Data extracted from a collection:
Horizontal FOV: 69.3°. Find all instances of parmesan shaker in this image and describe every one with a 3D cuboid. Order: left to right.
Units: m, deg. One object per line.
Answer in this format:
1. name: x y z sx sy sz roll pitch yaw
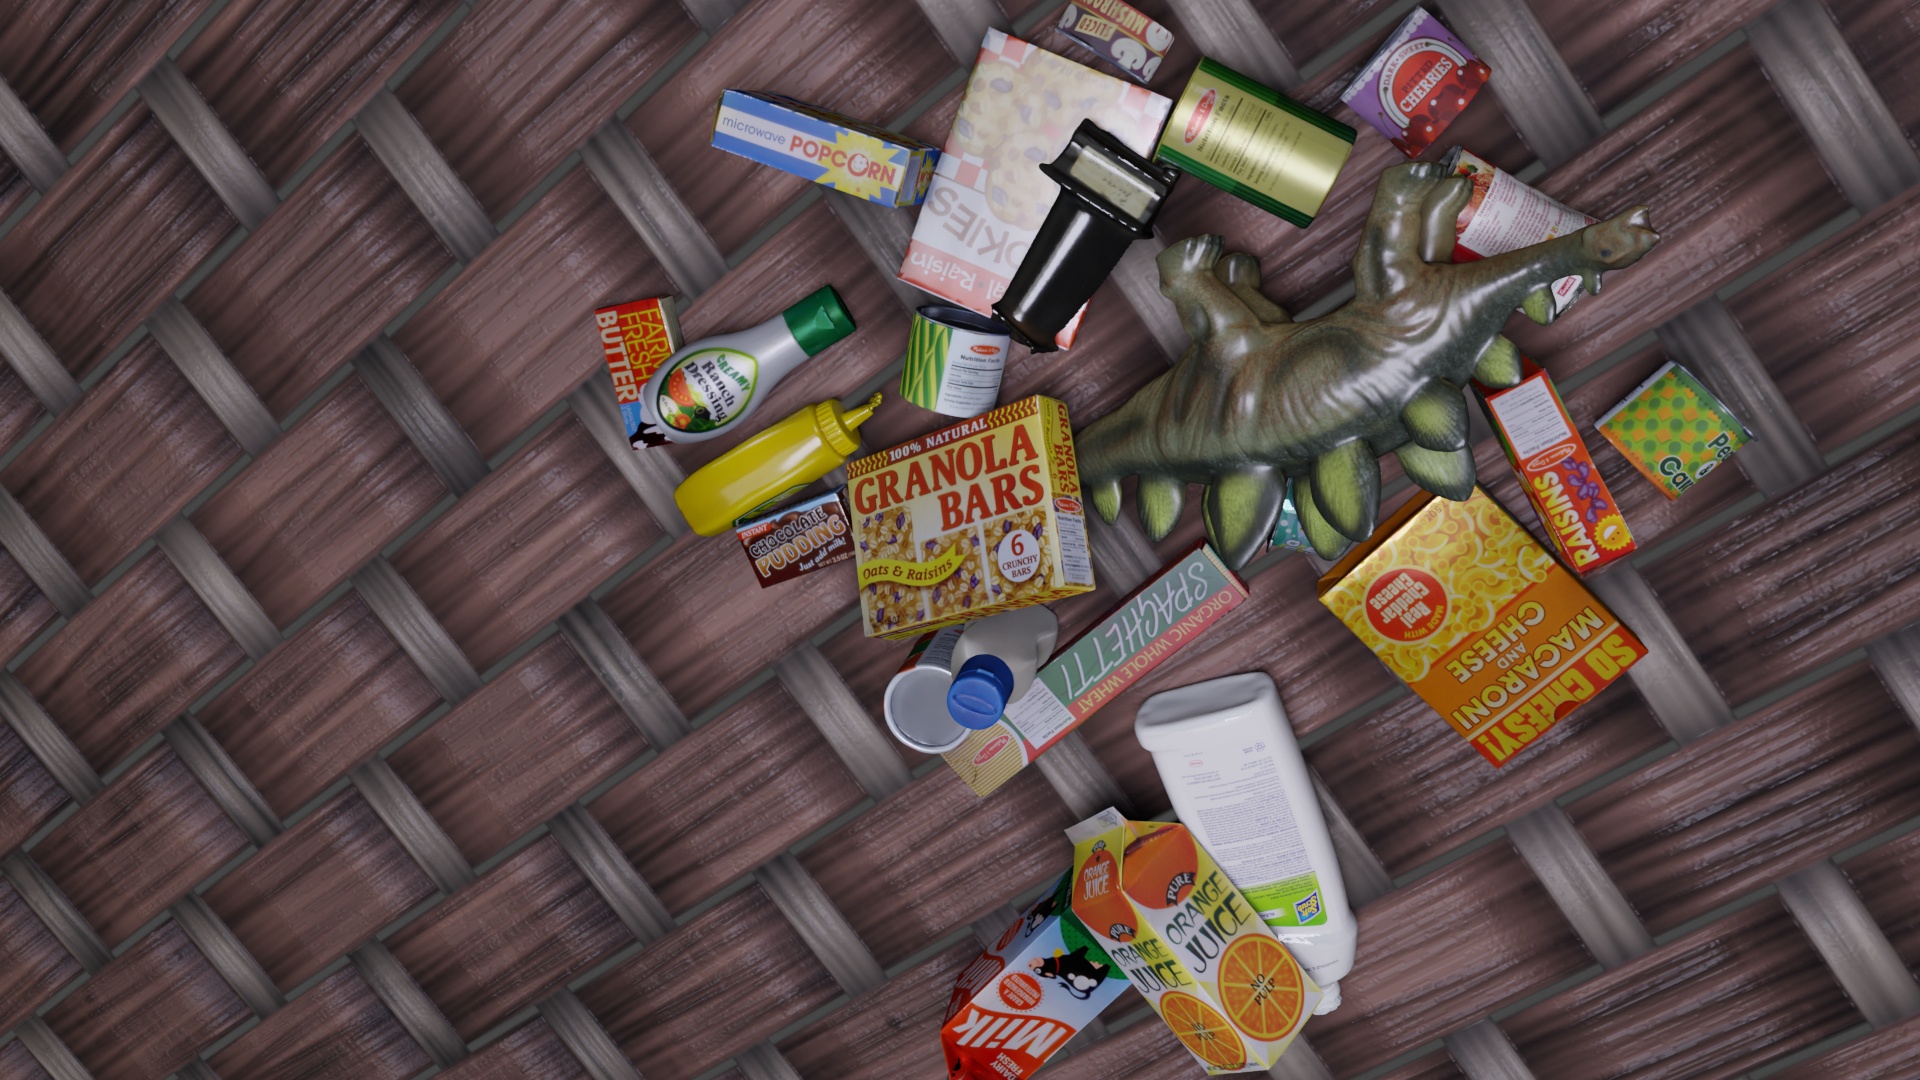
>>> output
1. parmesan shaker: 0.177 -0.237 0.839 0.103 0.071 0.071 27 110 3

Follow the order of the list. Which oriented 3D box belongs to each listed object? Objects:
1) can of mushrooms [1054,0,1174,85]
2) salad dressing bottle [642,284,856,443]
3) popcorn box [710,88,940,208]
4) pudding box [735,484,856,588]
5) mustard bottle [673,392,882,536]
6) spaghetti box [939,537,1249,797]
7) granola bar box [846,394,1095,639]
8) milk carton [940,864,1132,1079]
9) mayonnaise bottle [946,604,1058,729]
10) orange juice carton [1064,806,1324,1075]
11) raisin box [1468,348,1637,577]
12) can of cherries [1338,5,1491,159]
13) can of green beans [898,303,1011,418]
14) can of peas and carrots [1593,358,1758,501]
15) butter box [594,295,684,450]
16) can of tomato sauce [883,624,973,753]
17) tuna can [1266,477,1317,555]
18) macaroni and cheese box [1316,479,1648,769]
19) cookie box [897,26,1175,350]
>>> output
1. can of mushrooms: 0.092 -0.305 0.835 0.071 0.071 0.033 32 109 1
2. salad dressing bottle: -0.142 -0.121 0.941 0.147 0.044 0.064 -31 103 6
3. popcorn box: -0.084 -0.250 0.881 0.127 0.085 0.038 20 109 6
4. pudding box: -0.111 -0.003 0.989 0.083 0.030 0.049 -19 101 16
5. mustard bottle: -0.120 -0.057 0.958 0.160 0.065 0.049 -29 92 15
6. spaghetti box: 0.091 0.091 0.973 0.249 0.029 0.050 -40 95 20
7. granola bar box: 0.003 -0.011 0.905 0.165 0.039 0.124 -17 75 37
8. milk carton: 0.051 0.333 1.029 0.073 0.072 0.190 41 110 -2
9. mayonnaise bottle: 0.024 0.078 0.920 0.065 0.149 0.041 19 111 6
10. orange juice carton: 0.148 0.264 0.948 0.192 0.073 0.071 50 146 2
11. raisin box: 0.357 -0.049 0.844 0.040 0.086 0.123 -29 98 17
12. can of cherries: 0.265 -0.266 0.808 0.058 0.072 0.071 40 110 -2
13. can of green beans: -0.003 -0.118 0.913 0.071 0.071 0.057 16 110 7
14. can of peas and carrots: 0.428 -0.064 0.833 0.071 0.071 0.058 44 111 -3
15. butter box: -0.218 -0.119 0.981 0.053 0.024 0.103 -9 104 14
16. can of tomato sauce: -0.013 0.104 0.970 0.071 0.083 0.071 3 106 11
17. tuna can: 0.220 -0.023 0.891 0.033 0.071 0.070 14 109 8
18. macaroni and cheese box: 0.336 0.050 0.902 0.166 0.040 0.123 43 111 -2
19. cookie box: 0.046 -0.222 0.886 0.123 0.040 0.166 24 108 4
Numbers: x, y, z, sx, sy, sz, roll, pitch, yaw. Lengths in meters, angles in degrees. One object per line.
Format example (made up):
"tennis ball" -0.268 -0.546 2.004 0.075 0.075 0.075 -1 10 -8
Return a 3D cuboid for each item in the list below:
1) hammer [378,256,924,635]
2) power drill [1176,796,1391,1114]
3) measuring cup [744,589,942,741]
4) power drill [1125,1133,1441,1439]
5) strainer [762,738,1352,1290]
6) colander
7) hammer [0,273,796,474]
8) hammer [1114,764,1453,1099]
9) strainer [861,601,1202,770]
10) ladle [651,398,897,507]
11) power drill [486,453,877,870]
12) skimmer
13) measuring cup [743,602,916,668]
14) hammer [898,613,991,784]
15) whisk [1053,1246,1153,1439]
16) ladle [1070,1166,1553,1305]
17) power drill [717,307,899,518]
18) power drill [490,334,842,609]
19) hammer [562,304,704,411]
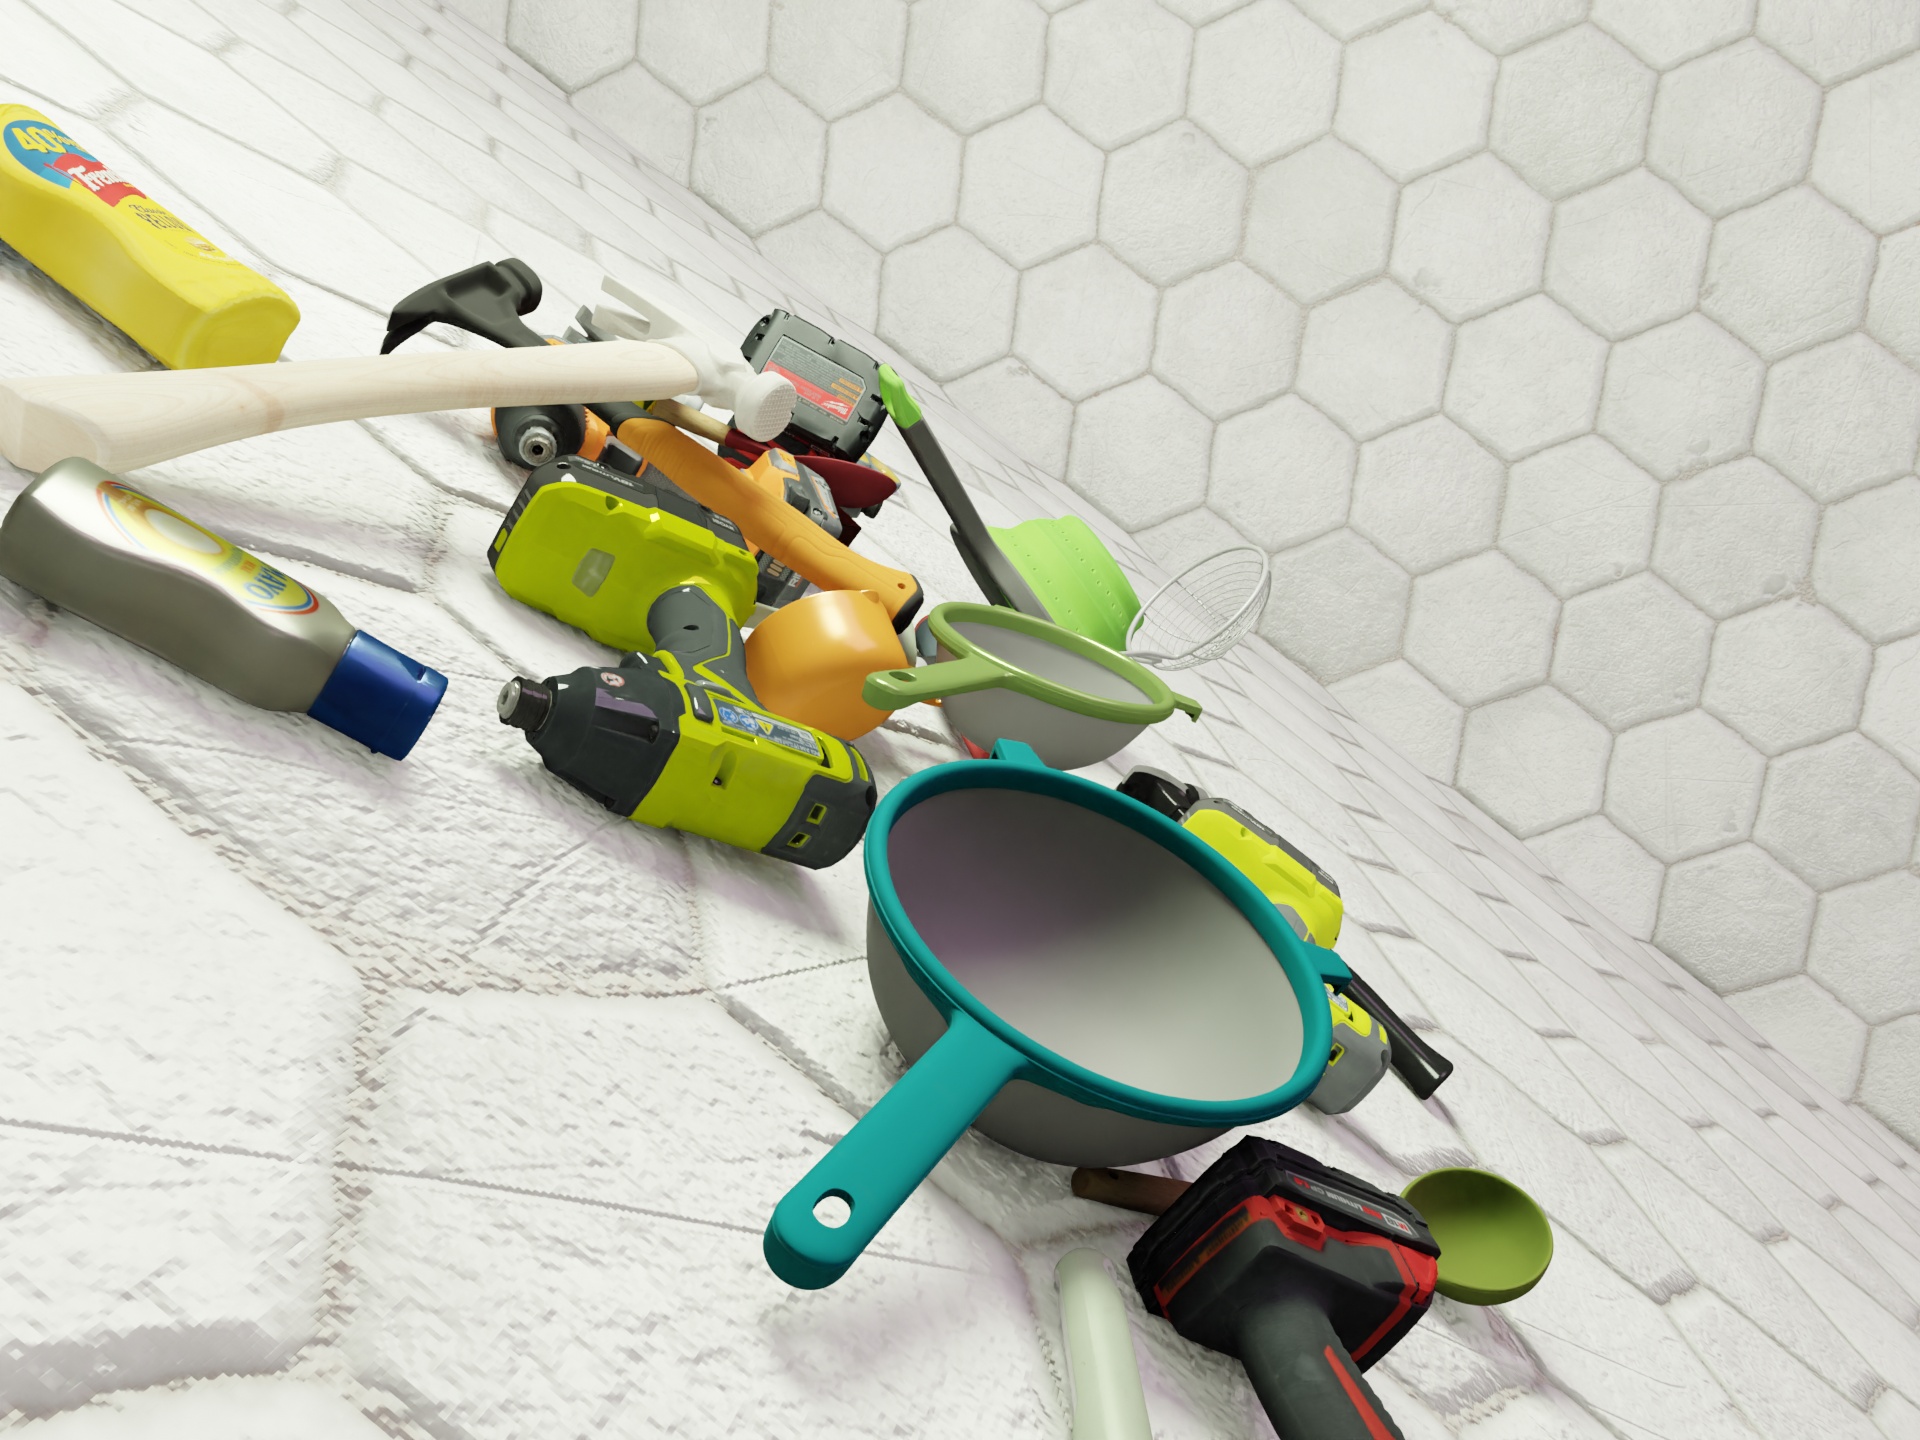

What you have to do.
If a line in the entries above contains "object", include it in the count, then report only the total.

Expected answer.
3